» Work order
Restate the entries word for word and skip every image.

[Items listed in a dataset]
======

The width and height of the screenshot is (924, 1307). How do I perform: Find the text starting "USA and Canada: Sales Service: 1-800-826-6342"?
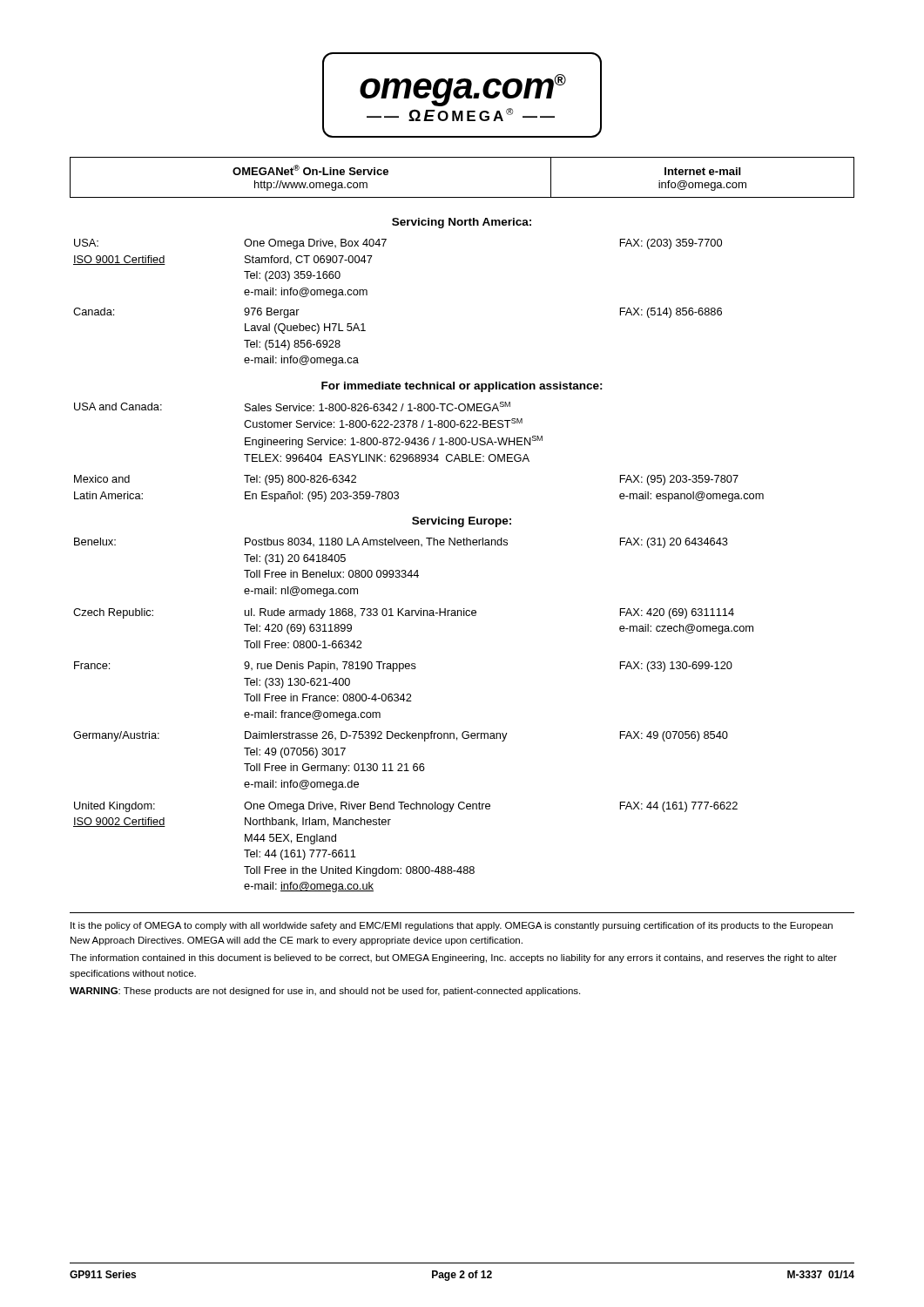click(462, 451)
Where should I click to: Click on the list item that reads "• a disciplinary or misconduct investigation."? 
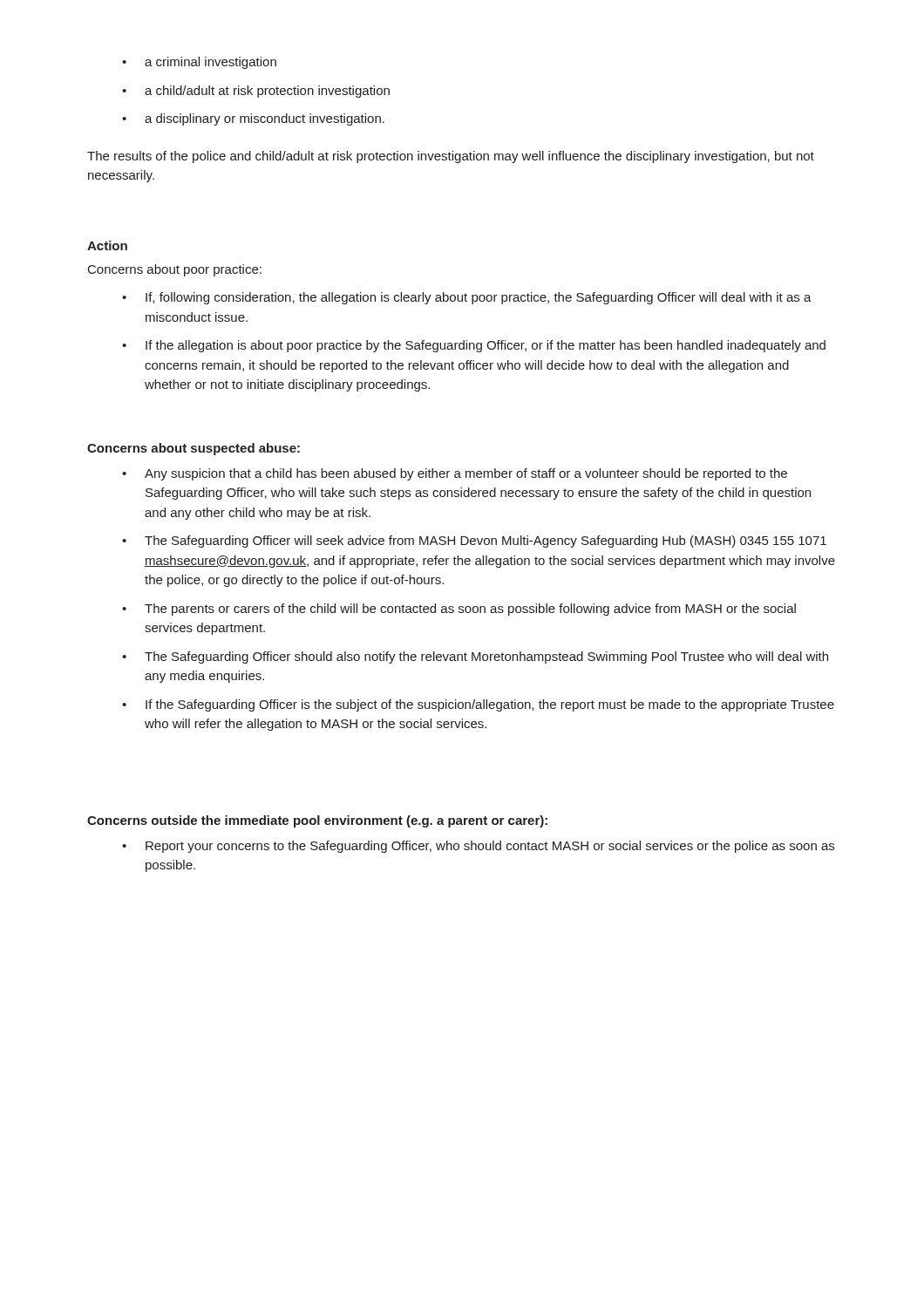coord(253,119)
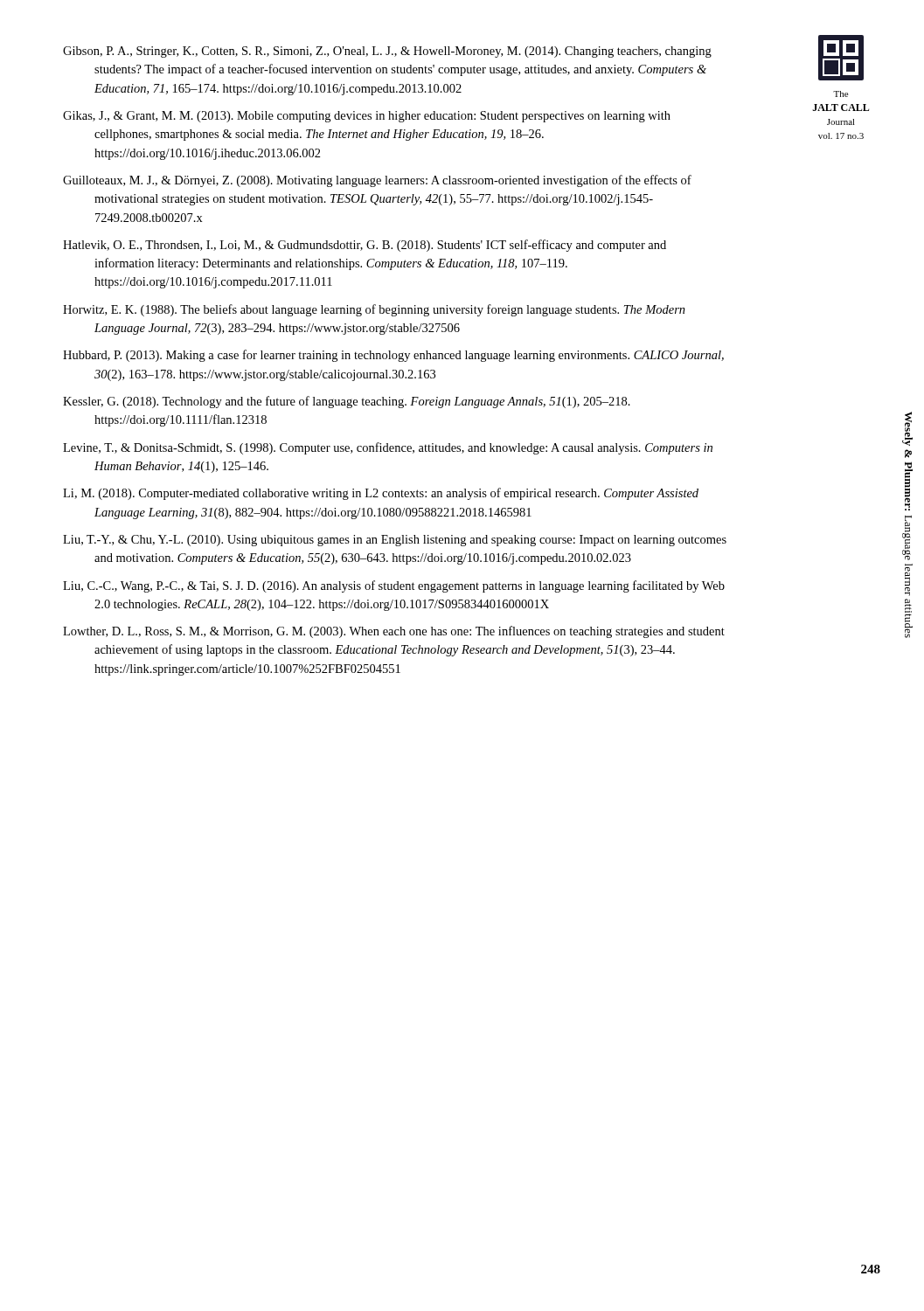Find the block starting "Liu, C.-C., Wang, P.-C.,"
The width and height of the screenshot is (924, 1311).
click(x=394, y=594)
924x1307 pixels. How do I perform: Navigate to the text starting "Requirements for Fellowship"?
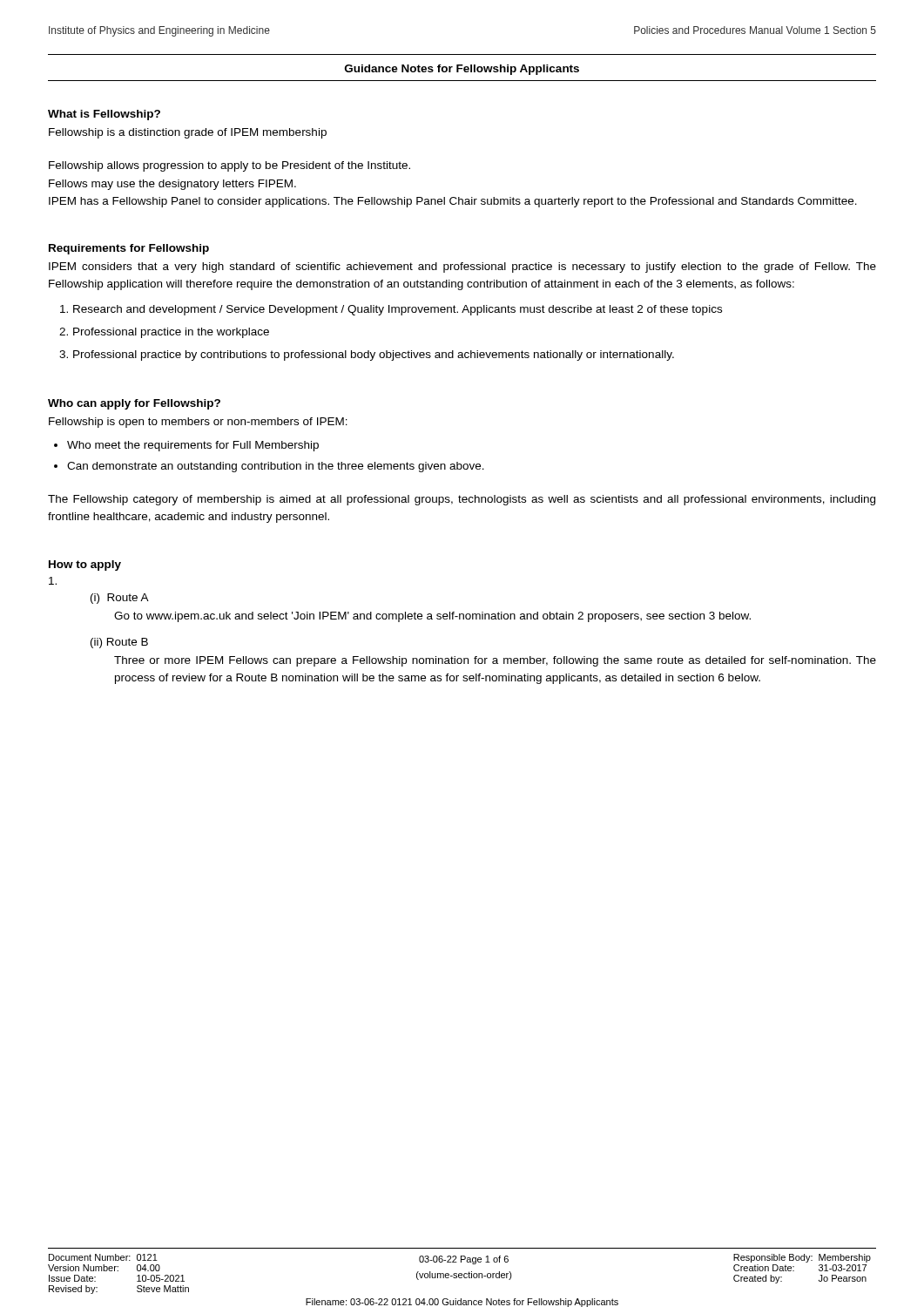click(129, 248)
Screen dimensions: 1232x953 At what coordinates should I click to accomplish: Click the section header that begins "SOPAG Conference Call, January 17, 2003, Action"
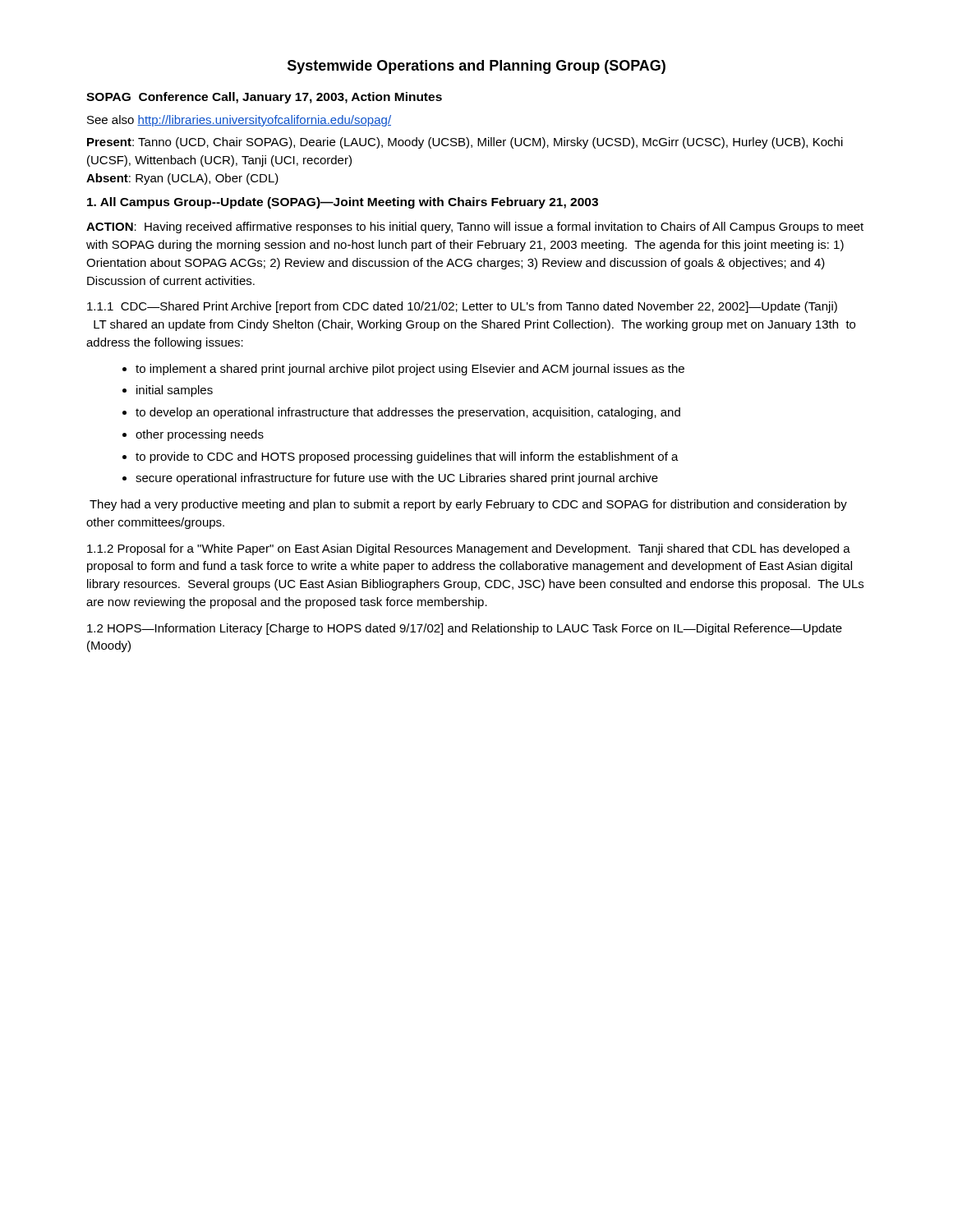tap(264, 97)

======

» Exercise answer
The width and height of the screenshot is (924, 1307). How do I perform: Find the text starting "USA and Canada: Sales Service: 1-800-826-6342"?
click(462, 451)
Where should I click to: Click on the list item that reads "• a disciplinary or misconduct investigation."? 
coord(253,119)
Find the block starting "Liu, C.-C., Wang, P.-C.,"
The width and height of the screenshot is (924, 1311).
click(x=394, y=594)
924x1307 pixels. How do I perform: Navigate to the text starting "Requirements for Fellowship"?
click(129, 248)
Screen dimensions: 1232x953 At what coordinates should I click to accomplish: Click the section header that begins "SOPAG Conference Call, January 17, 2003, Action"
tap(264, 97)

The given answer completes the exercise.